NEW YORK (GenomeWeb) – A team from Princeton University, Rockefeller University, and elsewhere has developed a computational approach for untangling the contributions of noncoding variants in autism spectrum disorder (ASD).
"Our predictive genomics framework illuminates the role of noncoding mutations in ASD and prioritized mutations with high impact for further study," the authors wrote, noting that their general approach may be applicable to other complex conditions. The work was led by Olga Troyanskaya, deputy director for genomics at the Flatiron Institute's Center for Computational Biology and a professor of computer science at Princeton University, and Robert Darnell, professor of cancer biology at Rockefeller University.
As they reported online yesterday in Nature Genetics, the researchers used a deep-learning strategy to assess noncoding variants at thousands of sites in the genome using whole-genome sequencing data from individuals in almost 1,800 ASD families with one affected child. Along with pathways with predicted regulatory shifts in ASD in certain tissue types, they saw enhanced noncoding mutation representation in parts of the genome containing transcriptional regulators or RNA-binding protein regulators.
The team noted that while recent studies have unearthed a wealth of de novo copy number variants and point mutations implicated in ASD, the variants falling in protein-coding portions of the genome seem to explain less than one-third of the heritability observed in simplex ASD, leaving more work to do in untangling the consequences of the inherited or de novo noncoding variants associated with ASD.
In an effort to come up with a noncoding variant analysis approach that takes into account factors such as variable noncoding variant effect sizes and other potentially confounding factors, the study authors developed a "deep convolutional-neural-network-based" strategy for finding and predicting potential regulatory consequences of noncoding variants in nearly 7,100 genome sequences from 1,790 ASD simplex family members.
The approach involves comparing noncoding mutational profiles in ASD-affected and -unaffected siblings in a manner "analogous to using the genetic codon code to distinguish non-synonymous mutation from synonymous mutations in protein-coding genes," the researchers explained, while incorporating information on related histone marks, chromatin accessibility features, transcription factor binding sites, and DNA- or RNA-binding protein targets identified through past efforts such as ENCODE or the Roadmap Epigenomics project.
"Our framework estimates, with single-nucleotide resolution, the quantitative impact of each variant on 2,002 specific transcriptional and 232 specific post-transcriptional regulatory features," they wrote, "including histone marks, transcription factors, and [RNA-binding protein] profiles."

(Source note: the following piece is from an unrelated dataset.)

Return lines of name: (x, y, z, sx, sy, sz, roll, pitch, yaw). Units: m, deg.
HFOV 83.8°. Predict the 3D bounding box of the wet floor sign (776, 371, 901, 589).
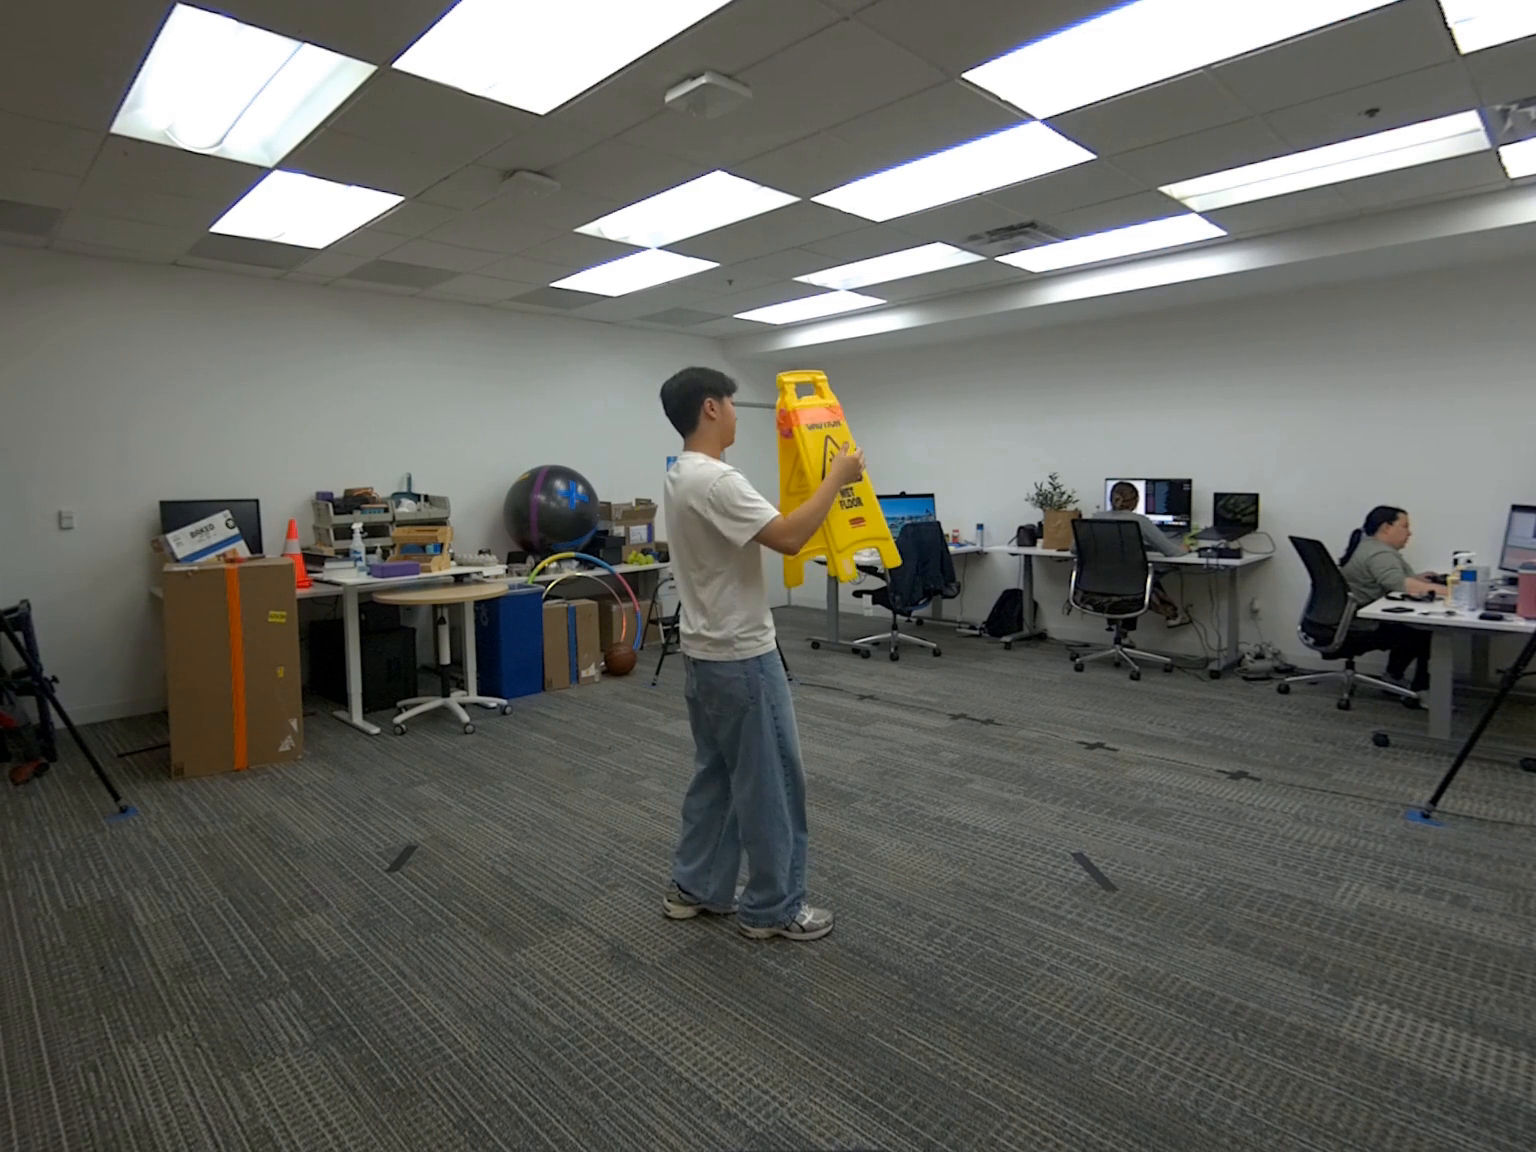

Using this strategy, the researchers saw a significant uptick in de novo noncoding variants with predicted functional affects in the children with ASD compared with their unaffected siblings, including alterations predicted to have pronounced functional impacts near genes known for loss-of-function intolerance. Their tissue-focused analyses — using data for dozens of tissue or cell types assessed for the Genotype-Tissue Expression project — pointed to an overrepresentation of variants with regulatory roles in brain tissue.
Along with follow-up analyses focused on the functions of noncoding variants with potential ties to ASD and the burden of specific de novo noncoding variants in individuals with ASD, the team used a network-neighborhood differential enrichment analysis to look for frequently affected pathways or biological processes.
The latter analysis highlighted that networks containing genes expected to have strong ties to disease, genes involved in synaptic transmission or neurogenesis, and chromatin regulation-related genes, among others, tended to be more frequently impacted by noncoding alterations in the children with ASD than in their siblings.
Based on these and other findings, the authors suggested that "coding and noncoding mutations affect overlapping processes and pathways, which indicates a convergent genetic landscape and highlights the potential for the discovery of ASD-associated genes with combining coding and noncoding mutations."
In addition to developing an interactive web site for those interested in digging into their data, the authors suggested that a similar deep learning method may be applicable to other complex conditions with noncoding variant contributions.
"Now we open the field to understand all the factors that may be involved in autism," co-first author Chandra Theesfeld, a research scientist in Troyanskaya's integrative genomics lab at Princeton, said in a statement.